Le Chenopodium bonus-henricus, appelé Chénopode bon-henri, est une plante vivace herbacée appartenant à la famille des Chenopodiaceae. Originaire d'Europe centrale et méridionale, cette espèce atteint 30 à 60 cm de hauteur. Ses feuilles triangulaires à hastées, d'un vert intense, présentent une texture farineuse caractéristique des chénopodes. La plante produit des inflorescences verdâtres discrètes en épis ramifiés, sans pétales colorés. Son système racinaire profond lui confère une bonne capacité d'adaptation. Autrefois largement cultivée comme légume feuille, elle demeure rustique et peu exigeante, pouvant s'adapter à divers types de sols.
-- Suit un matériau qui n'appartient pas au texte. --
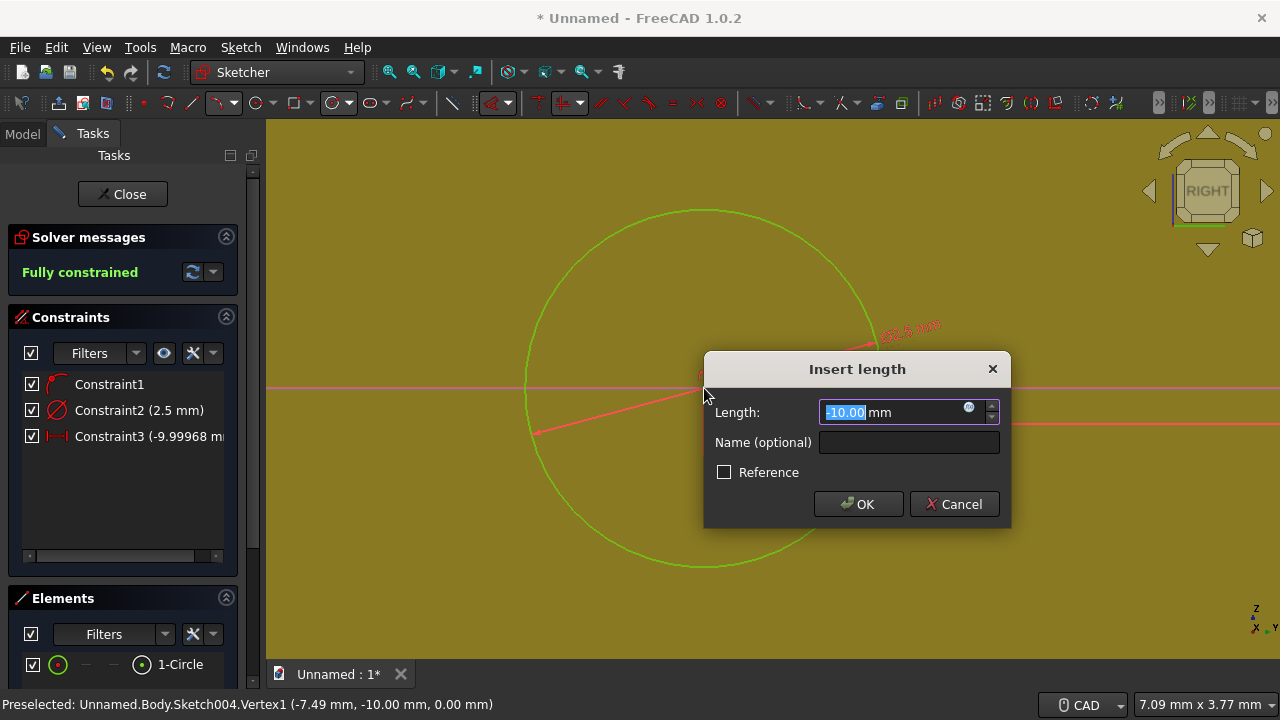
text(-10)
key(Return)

Le Chénopode bon-henri joue un rôle modeste mais utile dans les écosystèmes locaux. Ses fleurs, bien que peu spectaculaires, attirent de petits insectes pollinisateurs et hyménoptères. Cette espèce constitue une ressource alimentaire pour diverses larves d'insectes herbivores. À l'état naturel, elle colonise les décombres, les friches et les zones perturbées, facilitant ainsi une première étape de recolonisation des sols dégradés. Dans une perspective de transition alimentaire, sa réintroduction dans les potagers familiaux contribue à renforcer la résilience des systèmes alimentaires locaux. Bien qu'elle ne soit pas menacée, sa disparition du paysage agricole reflète l'uniformisation des cultures vivrières.
Espèce observée dans 19 pays à travers le monde.
Le Chénopode bon-henri est un légume feuille nutritif, riche en vitamines A, C et minéraux (fer, calcium, magnésium). Ses feuilles, récoltées jeunes, offrent une saveur douce et légèrement épicée, consommées crues en salade ou cuites comme les épinards. Traditionnellement, il était aussi appelé « épinard sauvage » en raison de sa composition nutritionnelle comparable. La famille des Chenopodiaceae partage des propriétés reminéralisantes. Toutes les parties aériennes sont comestibles. Sur le plan médicinal, il a historiquement été employé pour ses vertus laxatives douces et tonifiantes. Son usage demeure essentiellement culinaire et nutritionnel, s'inscrivant dans une alimentation naturelle équilibrée.
Le Chénopode bon-henri s'adapte aisément à diverses conditions de culture. Il prospère en exposition ensoleillée et tolère les sols argileux, sableux ou limoneux, dépourvu d'exigences de fertilité exceptionnelle. Un arrosage modéré suffit : il préfère les sols ni trop secs ni saturés d'eau. La plantation s'effectue au printemps directement en pleine terre ou par semis échelonnés pour étaler les récoltes de mai à août. Cette vivace rustique supporte les hivers froids et redémarre au printemps. Elle se régénère naturellement par ses racines profondes. Une taille régulière des jeunes pousses encourage le développement d'un port touffu et prolonge la production feuillière. Peu sensible aux maladies, elle demeure une culture facile, même en agriculture familiale.